Trump’s role in instigating the mob finally pushed social media platforms to take action against the president and some of his allies. In a blog post surprising for its candor and detail—two qualities normally foreign to social media companies—Twitter laid out its reasoning for permanently suspending Trump from the platform on January 8. Two of the president’s tweets sent after the Capitol insurrection were assessed to violate the platform’s “glorification of violence” policy. Twitter wrote that the content was “likely to inspire others to replicate the violent acts that took place on January 6, 2021,” and asserted there were “multiple indicators that [it was] being received and understood as encouragement to do so.”
Twitter’s ban on Trump does not in any way conclude this era; indeed, it may mark a period of intensifying discord as social media platforms struggle to find a consistent and clear line on what speech is acceptable and what isn’t. For years, the same platforms attempted to rationalize their refusal to tackle influential accounts, such as that of the president, that were very clearly in violation of their policies.
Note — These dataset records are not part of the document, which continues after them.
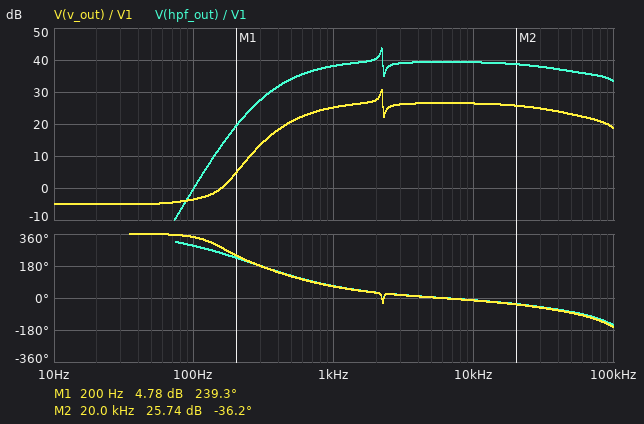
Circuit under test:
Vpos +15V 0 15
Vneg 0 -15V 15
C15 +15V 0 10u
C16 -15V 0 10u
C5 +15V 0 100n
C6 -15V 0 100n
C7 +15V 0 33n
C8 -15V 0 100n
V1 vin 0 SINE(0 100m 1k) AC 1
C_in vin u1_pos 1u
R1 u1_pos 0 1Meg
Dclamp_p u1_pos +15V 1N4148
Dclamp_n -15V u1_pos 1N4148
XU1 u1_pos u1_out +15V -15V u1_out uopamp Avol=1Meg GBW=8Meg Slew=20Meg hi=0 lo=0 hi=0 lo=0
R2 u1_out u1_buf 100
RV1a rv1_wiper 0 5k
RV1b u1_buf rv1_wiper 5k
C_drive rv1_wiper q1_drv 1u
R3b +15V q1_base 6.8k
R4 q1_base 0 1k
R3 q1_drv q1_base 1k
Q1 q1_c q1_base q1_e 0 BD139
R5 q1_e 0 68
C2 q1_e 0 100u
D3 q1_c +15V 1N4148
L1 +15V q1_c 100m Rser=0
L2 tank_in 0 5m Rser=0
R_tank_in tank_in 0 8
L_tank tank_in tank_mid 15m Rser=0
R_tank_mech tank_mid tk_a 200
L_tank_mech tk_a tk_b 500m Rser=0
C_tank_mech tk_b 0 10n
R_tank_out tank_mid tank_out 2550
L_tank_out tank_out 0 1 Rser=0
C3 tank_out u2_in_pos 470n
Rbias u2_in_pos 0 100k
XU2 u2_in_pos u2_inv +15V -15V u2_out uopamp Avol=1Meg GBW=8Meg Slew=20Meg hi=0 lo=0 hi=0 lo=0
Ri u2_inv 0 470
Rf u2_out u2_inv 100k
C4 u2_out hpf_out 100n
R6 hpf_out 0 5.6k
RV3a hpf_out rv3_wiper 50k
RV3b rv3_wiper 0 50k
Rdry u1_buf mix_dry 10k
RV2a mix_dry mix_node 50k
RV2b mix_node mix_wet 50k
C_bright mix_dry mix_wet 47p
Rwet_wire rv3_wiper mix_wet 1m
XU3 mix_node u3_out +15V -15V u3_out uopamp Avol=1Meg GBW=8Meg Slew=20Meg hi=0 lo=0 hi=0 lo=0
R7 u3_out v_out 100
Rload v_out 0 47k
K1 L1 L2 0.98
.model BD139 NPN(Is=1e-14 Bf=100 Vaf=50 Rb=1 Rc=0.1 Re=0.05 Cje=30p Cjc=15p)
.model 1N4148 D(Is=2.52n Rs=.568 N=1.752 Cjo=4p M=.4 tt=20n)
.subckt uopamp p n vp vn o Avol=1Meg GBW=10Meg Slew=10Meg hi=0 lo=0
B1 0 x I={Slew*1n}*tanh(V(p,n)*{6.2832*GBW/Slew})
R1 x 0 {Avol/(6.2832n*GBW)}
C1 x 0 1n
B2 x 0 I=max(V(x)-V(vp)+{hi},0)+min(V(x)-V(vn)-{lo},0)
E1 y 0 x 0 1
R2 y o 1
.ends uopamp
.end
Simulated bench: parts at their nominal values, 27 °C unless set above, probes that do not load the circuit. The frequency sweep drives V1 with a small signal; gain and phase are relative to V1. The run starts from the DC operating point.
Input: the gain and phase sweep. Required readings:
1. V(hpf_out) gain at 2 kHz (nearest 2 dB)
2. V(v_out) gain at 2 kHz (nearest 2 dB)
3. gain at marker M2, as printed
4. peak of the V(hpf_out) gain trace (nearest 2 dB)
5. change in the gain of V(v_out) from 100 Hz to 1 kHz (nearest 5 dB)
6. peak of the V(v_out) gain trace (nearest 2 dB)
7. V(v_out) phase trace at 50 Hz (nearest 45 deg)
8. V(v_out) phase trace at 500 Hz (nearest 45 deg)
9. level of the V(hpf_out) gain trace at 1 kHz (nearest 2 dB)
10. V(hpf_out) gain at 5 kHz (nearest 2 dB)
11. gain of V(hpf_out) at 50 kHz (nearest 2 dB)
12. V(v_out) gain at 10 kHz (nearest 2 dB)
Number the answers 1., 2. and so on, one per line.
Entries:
1. 40 dB
2. 28 dB
3. 25.74 dB
4. 44 dB
5. 30 dB
6. 30 dB
7. 360 deg
8. 135 deg
9. 38 dB
10. 40 dB
11. 36 dB
12. 26 dB
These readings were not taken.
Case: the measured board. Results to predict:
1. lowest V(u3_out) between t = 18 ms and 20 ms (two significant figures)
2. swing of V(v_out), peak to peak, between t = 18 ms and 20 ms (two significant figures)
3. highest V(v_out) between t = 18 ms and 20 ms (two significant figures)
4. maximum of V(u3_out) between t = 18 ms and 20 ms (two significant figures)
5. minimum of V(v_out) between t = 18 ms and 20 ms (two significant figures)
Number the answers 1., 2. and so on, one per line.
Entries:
1. -1.8 V
2. 3.6 V
3. 1.8 V
4. 1.8 V
5. -1.8 V
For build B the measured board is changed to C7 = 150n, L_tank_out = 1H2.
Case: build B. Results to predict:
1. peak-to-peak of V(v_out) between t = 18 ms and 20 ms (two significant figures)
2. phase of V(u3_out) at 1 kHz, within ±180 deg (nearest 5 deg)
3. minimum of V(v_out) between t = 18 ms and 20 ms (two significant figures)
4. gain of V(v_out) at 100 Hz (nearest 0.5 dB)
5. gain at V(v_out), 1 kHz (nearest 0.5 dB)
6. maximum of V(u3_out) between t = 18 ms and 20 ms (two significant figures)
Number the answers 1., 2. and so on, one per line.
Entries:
1. 3.7 V
2. 60 deg
3. -1.9 V
4. -3.5 dB
5. 25.5 dB
6. 1.9 V
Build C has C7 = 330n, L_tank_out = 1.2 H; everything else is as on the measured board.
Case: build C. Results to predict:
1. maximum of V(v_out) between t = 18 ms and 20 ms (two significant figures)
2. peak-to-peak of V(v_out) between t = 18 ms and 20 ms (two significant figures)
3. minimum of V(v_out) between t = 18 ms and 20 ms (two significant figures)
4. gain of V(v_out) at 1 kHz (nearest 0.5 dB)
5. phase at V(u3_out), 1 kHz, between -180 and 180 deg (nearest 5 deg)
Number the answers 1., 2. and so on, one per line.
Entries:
1. 1.9 V
2. 3.7 V
3. -1.9 V
4. 25.5 dB
5. 60 deg
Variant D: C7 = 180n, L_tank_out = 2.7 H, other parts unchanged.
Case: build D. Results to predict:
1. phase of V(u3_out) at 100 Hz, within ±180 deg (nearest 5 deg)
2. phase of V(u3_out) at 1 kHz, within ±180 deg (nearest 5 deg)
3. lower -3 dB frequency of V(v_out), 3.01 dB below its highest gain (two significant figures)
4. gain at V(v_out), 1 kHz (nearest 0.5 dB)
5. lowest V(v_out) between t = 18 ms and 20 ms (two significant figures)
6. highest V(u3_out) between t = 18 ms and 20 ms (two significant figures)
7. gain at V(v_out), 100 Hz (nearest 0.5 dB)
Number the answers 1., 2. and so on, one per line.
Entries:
1. -40 deg
2. 50 deg
3. 2.0 kHz
4. 26.0 dB
5. -2.0 V
6. 2.0 V
7. -2.5 dB

Using the First Amendment as a shield, platforms argued that leaders such as Trump constituted “public interest exceptions.” Even if Trump posted content that transgressed their rules, social media companies insisted that it wasn’t their job to censor; rather, it was the job of voters to judge Trump harshly for his statements. In the process, these companies ignored the darker possibility that such content might lead to deadly violence. The platforms have now reversed course in an attempt to rewrite the narrative of their complicity. But the decisive, principled action of the past week may nevertheless discredit them in the eyes of many Americans who see the social media bans as censorship. The resulting muddle will only allow extremist movements based on disinformation to persist and grow, with the help of officials such as Representative Matt Gaetz, Republican of Florida, who asserted without evidence, mere hours after the attack, that “antifa” was responsible for the violence on January 6.
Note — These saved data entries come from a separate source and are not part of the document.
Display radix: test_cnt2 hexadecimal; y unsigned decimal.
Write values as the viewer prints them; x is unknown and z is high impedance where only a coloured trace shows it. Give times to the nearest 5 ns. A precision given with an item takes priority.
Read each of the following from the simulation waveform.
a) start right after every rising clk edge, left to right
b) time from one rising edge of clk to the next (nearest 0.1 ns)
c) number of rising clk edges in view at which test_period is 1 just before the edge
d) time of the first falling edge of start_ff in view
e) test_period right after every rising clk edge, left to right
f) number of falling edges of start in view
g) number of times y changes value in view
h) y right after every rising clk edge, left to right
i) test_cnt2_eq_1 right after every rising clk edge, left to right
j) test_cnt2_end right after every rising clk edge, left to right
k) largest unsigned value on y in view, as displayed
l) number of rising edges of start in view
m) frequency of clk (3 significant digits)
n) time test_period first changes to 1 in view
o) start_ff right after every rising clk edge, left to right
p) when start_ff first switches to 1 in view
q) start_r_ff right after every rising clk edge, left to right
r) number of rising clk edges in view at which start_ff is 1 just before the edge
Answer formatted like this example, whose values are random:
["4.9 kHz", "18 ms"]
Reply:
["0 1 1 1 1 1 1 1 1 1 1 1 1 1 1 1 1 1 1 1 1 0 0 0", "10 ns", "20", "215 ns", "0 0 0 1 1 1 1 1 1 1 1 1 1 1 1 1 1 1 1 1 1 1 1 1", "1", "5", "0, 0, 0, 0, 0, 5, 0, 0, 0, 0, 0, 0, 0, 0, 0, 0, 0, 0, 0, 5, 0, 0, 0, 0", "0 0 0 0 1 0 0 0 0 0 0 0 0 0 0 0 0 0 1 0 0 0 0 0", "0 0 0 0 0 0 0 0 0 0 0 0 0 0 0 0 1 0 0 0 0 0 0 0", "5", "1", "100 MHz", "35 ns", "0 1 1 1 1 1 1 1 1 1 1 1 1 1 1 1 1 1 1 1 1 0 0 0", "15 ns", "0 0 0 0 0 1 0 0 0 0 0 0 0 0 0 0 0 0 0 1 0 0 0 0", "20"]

But the events at the Capitol are still a loud wake-up call. The United States has finally been shocked into understanding that the information people consume online has real-world consequences for public health, public safety, and democracy. Americans should remember that activists from countries as disparate as Myanmar and Ukraine have made this argument for years. By virtue of the United States’ size and the power of its example, its response to this crisis will have consequences beyond its borders. This is a moment that calls for nuance and introspection, not the grinding of personal political axes in the service of party over country. And should lawmakers ever again be tempted to argue that social media platforms ought to be no-holds-barred free-speech zones, they would do well to recall the fear and the heartbreak of January 6: the day the Internet came for them.